Training loss is not decreasing using TFBertModel

I have used the TFBertModel and AutoModel from the transformer library for training a two-class classification task and the training loss is not decreasing.

bert = TFBertModel.from_pretrained('bert-base-uncased')
input_ids = tf.keras.layers.Input(shape=(SEQ_LEN,), name='input_ids', dtype='int32')
mask = tf.keras.layers.Input(shape=(SEQ_LEN,), name='attention_mask', dtype='int32')
embeddings = bert(input_ids, attention_mask=mask)[1]
X = tf.keras.layers.Dropout(0.1)(embeddings)
X = tf.keras.layers.Dense(128, activation='relu')(X)
y = tf.keras.layers.Dense(1, activation='sigmoid', name='outputs')(X)
bert_model = tf.keras.Model(inputs=[input_ids, mask], outputs=y)
bert_model.compile(optimizer='adam', loss='binary_crossentropy', metrics=['accuracy'])
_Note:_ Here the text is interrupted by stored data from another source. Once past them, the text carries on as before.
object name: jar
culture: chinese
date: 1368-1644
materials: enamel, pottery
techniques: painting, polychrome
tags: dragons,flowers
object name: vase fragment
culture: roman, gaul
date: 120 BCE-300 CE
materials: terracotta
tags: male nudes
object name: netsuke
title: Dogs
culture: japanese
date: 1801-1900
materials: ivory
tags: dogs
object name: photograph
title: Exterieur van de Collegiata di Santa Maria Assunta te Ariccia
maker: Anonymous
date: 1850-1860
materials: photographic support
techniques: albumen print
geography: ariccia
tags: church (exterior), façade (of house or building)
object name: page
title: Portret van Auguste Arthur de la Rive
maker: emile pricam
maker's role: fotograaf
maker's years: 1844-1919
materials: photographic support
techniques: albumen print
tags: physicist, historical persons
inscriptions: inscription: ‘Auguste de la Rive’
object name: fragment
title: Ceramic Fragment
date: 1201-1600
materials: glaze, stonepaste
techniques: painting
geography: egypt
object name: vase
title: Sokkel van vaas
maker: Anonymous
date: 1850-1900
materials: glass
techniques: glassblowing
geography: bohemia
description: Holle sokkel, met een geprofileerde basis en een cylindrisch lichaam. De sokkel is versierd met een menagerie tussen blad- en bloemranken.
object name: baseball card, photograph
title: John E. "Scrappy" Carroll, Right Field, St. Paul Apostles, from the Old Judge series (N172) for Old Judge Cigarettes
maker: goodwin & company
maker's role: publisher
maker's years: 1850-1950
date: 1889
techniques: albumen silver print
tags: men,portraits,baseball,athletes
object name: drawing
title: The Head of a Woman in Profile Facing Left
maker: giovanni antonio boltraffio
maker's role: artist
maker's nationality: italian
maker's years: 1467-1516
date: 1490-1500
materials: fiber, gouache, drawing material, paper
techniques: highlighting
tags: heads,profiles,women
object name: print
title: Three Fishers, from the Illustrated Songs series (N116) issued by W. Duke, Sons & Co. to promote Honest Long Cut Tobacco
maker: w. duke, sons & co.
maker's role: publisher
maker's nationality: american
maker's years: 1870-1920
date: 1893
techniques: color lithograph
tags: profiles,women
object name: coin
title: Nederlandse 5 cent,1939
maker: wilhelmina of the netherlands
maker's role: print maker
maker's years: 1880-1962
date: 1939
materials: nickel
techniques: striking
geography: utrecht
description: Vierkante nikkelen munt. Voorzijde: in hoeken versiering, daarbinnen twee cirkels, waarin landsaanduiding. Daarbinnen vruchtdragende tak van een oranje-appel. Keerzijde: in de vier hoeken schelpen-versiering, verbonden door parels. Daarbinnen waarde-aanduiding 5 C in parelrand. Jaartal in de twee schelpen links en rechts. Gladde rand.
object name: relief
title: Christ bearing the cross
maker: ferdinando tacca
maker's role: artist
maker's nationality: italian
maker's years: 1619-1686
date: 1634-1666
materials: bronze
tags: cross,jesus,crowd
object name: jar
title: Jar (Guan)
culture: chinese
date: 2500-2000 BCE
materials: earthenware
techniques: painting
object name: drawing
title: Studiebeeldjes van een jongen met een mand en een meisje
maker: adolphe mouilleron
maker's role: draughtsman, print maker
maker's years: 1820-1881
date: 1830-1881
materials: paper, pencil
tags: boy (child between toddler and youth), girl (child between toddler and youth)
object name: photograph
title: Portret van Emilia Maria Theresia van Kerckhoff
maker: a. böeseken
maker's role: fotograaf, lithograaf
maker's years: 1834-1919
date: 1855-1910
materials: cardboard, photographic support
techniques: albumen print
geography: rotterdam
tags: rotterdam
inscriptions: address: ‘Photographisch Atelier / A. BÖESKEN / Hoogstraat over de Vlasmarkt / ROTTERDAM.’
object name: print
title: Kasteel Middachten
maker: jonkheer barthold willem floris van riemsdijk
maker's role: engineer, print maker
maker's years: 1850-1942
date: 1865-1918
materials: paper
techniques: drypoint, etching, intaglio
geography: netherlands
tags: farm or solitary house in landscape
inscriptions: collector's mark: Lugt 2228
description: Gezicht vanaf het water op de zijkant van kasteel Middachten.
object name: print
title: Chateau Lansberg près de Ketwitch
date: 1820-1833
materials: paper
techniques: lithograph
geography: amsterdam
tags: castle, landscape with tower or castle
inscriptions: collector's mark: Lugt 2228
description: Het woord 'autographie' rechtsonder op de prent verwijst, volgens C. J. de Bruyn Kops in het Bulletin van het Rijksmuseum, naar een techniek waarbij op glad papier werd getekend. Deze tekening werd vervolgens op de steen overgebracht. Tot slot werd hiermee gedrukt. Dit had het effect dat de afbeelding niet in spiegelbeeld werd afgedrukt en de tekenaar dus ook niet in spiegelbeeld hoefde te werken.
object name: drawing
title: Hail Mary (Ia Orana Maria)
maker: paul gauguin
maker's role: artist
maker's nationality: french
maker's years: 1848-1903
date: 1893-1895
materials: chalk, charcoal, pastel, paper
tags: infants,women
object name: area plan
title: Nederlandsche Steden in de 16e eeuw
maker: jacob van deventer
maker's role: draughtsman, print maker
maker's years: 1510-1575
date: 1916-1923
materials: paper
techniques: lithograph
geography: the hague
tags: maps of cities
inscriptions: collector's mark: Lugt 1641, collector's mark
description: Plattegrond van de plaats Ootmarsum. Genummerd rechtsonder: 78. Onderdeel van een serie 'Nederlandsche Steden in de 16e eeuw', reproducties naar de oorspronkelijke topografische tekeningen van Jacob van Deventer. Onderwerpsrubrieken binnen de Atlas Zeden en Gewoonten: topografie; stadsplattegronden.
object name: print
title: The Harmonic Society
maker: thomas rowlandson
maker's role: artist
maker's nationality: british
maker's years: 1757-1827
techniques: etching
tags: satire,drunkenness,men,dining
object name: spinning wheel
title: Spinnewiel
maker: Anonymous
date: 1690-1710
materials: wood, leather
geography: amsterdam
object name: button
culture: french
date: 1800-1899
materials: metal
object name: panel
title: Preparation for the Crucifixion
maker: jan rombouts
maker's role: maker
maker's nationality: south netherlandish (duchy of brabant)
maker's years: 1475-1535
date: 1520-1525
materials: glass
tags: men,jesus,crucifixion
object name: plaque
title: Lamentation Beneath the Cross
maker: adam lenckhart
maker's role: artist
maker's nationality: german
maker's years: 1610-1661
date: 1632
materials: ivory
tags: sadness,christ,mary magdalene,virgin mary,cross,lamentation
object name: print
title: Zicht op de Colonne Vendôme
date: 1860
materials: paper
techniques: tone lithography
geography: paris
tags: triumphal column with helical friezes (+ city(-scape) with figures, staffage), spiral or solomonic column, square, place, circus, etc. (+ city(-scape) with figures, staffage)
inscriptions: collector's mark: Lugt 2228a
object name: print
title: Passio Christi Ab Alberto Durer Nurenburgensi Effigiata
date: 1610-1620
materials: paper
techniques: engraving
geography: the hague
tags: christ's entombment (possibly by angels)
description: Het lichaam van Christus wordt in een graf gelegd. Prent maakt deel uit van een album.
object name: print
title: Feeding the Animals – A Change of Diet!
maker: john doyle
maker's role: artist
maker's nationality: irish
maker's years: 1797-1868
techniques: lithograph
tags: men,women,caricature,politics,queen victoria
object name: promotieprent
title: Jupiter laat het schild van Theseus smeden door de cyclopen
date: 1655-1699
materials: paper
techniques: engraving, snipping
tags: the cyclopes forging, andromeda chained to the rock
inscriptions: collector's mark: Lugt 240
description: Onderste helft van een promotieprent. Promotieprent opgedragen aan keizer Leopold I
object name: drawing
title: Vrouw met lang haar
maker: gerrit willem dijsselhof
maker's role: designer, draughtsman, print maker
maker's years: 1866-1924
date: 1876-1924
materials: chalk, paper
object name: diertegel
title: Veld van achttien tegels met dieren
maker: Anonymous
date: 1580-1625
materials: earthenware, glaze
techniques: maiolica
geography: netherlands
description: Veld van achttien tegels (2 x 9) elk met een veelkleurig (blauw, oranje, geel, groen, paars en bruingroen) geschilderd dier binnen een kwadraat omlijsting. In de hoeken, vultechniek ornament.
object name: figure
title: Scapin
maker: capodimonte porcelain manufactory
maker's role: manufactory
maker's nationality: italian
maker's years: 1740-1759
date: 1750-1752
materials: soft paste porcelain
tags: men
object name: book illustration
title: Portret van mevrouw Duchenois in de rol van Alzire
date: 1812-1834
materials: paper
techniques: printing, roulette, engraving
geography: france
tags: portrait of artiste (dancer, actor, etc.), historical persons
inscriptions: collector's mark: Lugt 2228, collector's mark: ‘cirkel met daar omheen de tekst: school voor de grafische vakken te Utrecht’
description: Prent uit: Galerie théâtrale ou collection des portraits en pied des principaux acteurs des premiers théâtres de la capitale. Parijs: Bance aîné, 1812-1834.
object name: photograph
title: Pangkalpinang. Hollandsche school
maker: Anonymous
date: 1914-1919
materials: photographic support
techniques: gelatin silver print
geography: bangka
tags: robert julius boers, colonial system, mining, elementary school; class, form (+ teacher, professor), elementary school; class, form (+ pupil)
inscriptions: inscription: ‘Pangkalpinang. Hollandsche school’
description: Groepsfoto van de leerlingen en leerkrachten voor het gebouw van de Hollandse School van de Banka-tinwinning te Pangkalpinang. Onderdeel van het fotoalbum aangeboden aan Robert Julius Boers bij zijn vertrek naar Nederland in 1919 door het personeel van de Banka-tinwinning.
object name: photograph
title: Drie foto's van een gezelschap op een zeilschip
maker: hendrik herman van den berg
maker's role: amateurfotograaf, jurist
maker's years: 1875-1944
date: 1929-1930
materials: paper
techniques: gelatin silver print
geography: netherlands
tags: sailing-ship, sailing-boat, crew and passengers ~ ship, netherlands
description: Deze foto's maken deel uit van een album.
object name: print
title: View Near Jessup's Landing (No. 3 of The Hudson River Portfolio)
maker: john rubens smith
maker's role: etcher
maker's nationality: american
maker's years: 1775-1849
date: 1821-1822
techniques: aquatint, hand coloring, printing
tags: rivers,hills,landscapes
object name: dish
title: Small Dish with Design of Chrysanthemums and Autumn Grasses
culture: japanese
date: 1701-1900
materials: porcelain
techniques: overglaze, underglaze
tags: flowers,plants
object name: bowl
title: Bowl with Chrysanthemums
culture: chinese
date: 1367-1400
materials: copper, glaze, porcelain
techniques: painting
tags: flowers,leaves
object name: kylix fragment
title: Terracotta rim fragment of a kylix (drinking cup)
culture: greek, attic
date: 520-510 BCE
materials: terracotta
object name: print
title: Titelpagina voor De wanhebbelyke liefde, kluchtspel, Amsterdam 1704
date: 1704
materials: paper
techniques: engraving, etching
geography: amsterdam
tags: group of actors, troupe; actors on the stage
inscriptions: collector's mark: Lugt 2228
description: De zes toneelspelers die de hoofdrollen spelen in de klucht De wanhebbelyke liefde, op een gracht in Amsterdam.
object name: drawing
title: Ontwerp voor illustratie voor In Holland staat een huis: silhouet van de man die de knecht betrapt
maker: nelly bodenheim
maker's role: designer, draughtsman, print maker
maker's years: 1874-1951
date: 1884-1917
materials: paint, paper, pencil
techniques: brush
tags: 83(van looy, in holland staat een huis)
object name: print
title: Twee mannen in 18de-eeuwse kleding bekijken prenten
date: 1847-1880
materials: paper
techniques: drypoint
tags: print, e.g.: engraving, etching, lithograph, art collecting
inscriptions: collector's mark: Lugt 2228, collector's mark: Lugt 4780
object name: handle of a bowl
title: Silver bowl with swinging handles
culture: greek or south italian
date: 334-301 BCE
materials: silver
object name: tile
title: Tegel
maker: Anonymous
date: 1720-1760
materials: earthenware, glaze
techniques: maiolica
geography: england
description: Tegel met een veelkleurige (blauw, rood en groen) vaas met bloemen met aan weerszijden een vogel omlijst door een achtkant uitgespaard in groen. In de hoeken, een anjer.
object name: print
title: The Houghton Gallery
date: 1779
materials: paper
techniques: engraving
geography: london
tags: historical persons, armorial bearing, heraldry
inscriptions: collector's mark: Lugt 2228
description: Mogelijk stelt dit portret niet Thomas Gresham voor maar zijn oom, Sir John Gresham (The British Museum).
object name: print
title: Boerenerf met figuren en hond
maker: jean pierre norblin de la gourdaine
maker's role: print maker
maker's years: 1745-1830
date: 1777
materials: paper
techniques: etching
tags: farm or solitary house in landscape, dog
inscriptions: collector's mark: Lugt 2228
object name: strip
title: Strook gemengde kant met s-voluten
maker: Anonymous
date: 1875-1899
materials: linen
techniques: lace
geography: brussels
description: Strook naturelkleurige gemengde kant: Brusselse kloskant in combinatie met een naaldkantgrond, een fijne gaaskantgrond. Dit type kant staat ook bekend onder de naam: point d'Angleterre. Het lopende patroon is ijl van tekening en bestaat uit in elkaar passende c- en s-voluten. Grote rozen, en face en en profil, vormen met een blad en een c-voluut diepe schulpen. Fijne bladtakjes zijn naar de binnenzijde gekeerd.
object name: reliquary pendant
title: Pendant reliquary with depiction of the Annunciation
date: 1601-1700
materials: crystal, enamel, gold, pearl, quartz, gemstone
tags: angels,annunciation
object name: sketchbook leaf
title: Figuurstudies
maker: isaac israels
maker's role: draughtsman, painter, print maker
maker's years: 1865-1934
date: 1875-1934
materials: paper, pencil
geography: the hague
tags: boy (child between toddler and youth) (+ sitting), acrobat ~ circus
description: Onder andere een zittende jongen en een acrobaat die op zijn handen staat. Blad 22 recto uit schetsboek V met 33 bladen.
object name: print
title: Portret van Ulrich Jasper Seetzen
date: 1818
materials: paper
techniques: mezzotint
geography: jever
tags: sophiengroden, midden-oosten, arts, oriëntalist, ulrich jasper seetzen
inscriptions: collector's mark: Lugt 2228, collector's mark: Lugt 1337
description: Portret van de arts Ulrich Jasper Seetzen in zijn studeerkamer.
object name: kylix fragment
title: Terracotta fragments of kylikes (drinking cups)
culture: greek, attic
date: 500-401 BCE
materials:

But when I use the TFBertForSequenceClassification model the model converges fast and the training loss reaches zero.

bert_model = TFBertForSequenceClassification.from_pretrained('bert-base-uncased',num_labels=2)
loss = tf.keras.losses.SparseCategoricalCrossentropy(from_logits=True)
metric = tf.keras.metrics.SparseCategoricalAccuracy('accuracy')
optimizer = tf.keras.optimizers.Adam(learning_rate=2e-5,epsilon=1e-08)
bert_model.compile(loss=loss, optimizer=optimizer, metrics=[metric])

I want to use the sequence output of BERT and hence I need to load the model with TFBertModel or something similar which returns the outputs of BERT.

@Rocketknight1

Your code in the first block looks like it would work. I suspect the problem is one of two things:

  1. The dropout may prevent the model from fully converging.
  2. The default learning rate for Adam is 1e-3, which is much too high for training Transformer models. Try learning rates in the range 1e-5 to 1e-4. If training loss is still not decreasing even with a lower learning rate and no dropout then let me know and I’ll investigate further.
1 Like

Thank you for your reply. I eliminated the dropout layer and changed the learning_rate value to smaller value and it worked!

I’m trying to fine-tune using “google/mobilebert-uncased” but it seems that the model is not learning and the loss is too high. When I fine-tuned bert uncased using the same dataset and hyperparameters, the model converged and got acc of 92. I’m using the default lr=2e-5 and tried other values too. Any suggestions?

1 Like

Any follow up here? I recently tried to fine tune “google/mobilebert-uncased” model. I observed similar not learning behavior as well. What might cause the problem?